First time poster, but here goes.

I can’t seem to find out how to do mallocs, frees, and memcpys from device to device.

__device__ unsigned short int modMP(unsigned long int * x, unsigned long int sizeL, unsigned short int p)

{

	unsigned long int size = sizeL * mp_bits_per_limb;

	unsigned long int * x2_Original;

	unsigned long int * x2;

	cudaMalloc( (void **) &x2, size);

	x2_Original = x2;

	cudaMemcpy( x2, x, size, cudaMemcpyDeviceToDevice );

	memcpy(x2, x, size);

	

	unsigned long int * limit = x2 - 32 + size;

	while(x2 <= limit)

	{

		*x2 = *x2 % p;

		x2 += 16;

	}

	unsigned short int r = *((unsigned short int *)(x2-16));

	cudaFree(x2_Original);

	return r;

}

x is a pointer to the data of a gmp integer, while sizeL is how many limbs that integer has. As you can see I need to create a copy of x called x2 which I will then use to compute the mod. I have tested this function on host and it works. The error I get is that it does not like that I’m calling cudaMalloc, cudaFree and cudaMemcpy from the device. So I was wondering if there were functions that works on the device that accomplish the same goal.

Thanks in advance…

Short answer: you can’t do memory management from the device.

Long answer: you can’t do memory management from the device because it is inherently not parallel and 99% of the time people would try to use it for the wrong thing.

Read the programming guide thoroughly if you haven’t done so already–looking at the rest of your code, it seems like you don’t have a very thorough understanding of how CUDA works.

Well, here is what I need to do. I have an array of primes and I need to mod the same MP integer for each p in primes. I figured that cuda would be good for this as it’s a really large list of primes for the Chinese Remainder.
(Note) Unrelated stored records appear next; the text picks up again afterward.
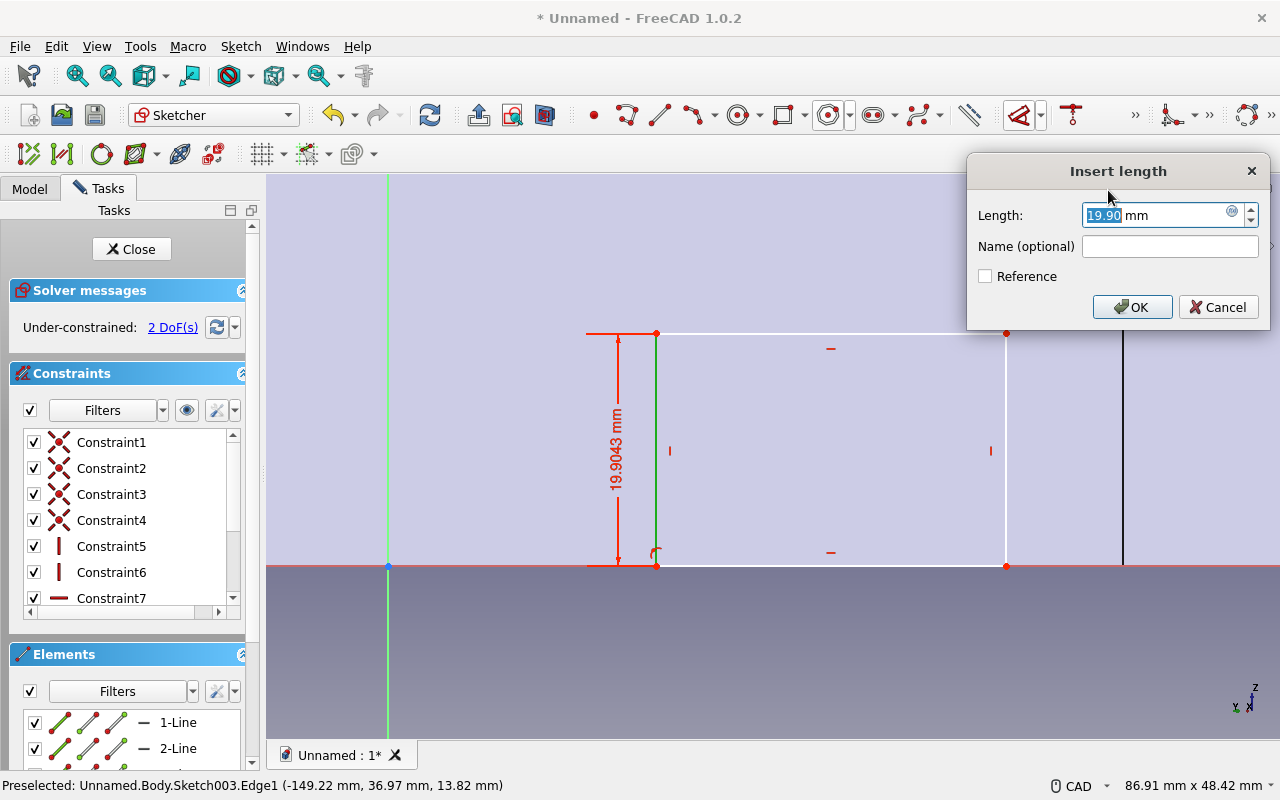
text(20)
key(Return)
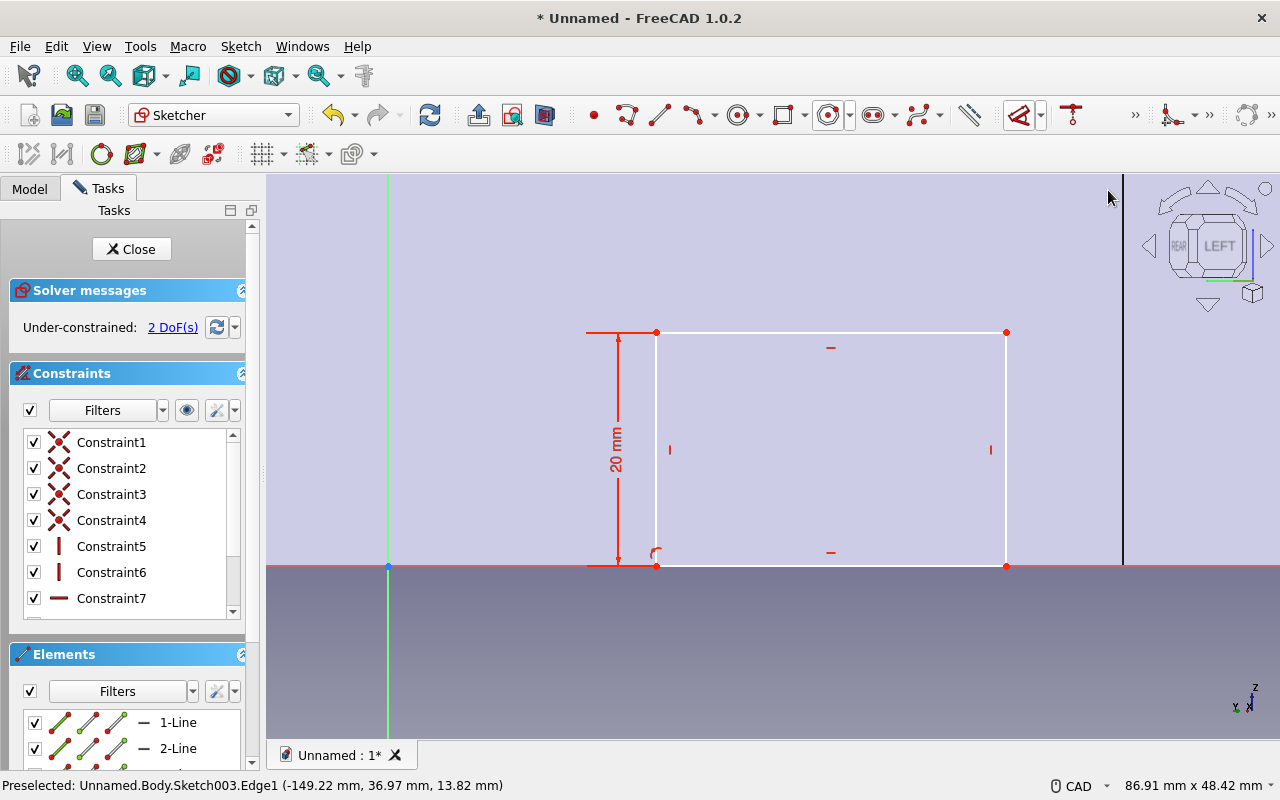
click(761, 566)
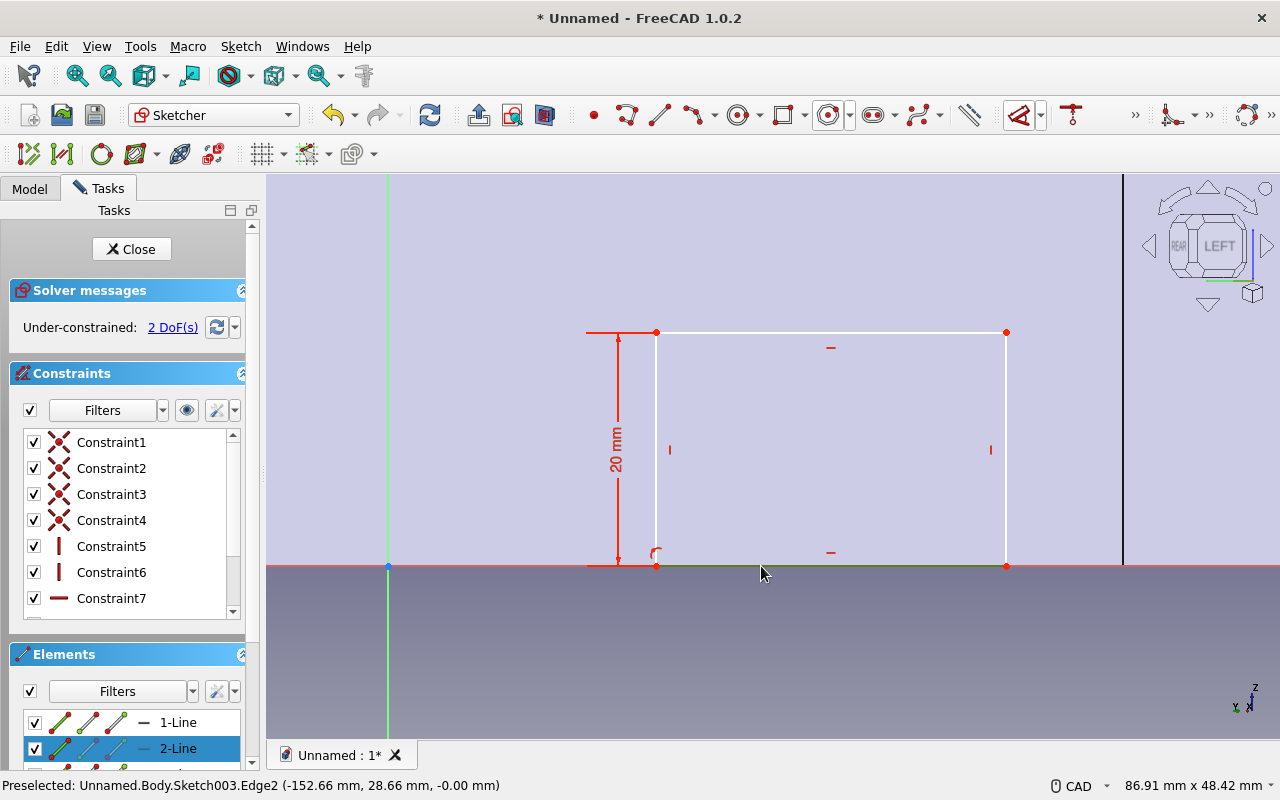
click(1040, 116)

Could you be a little more specific about how the rest of my code is not good for cuda?

The only way that I could see doing this then is from the host create an array of primes.length copies of the MP integer on the device for each of the device threads to work with. But that seems like it would quickly take up too much room in memory (i’m dealing with really large input integers on the scale of 512 bits).

I appreciate your help and advice.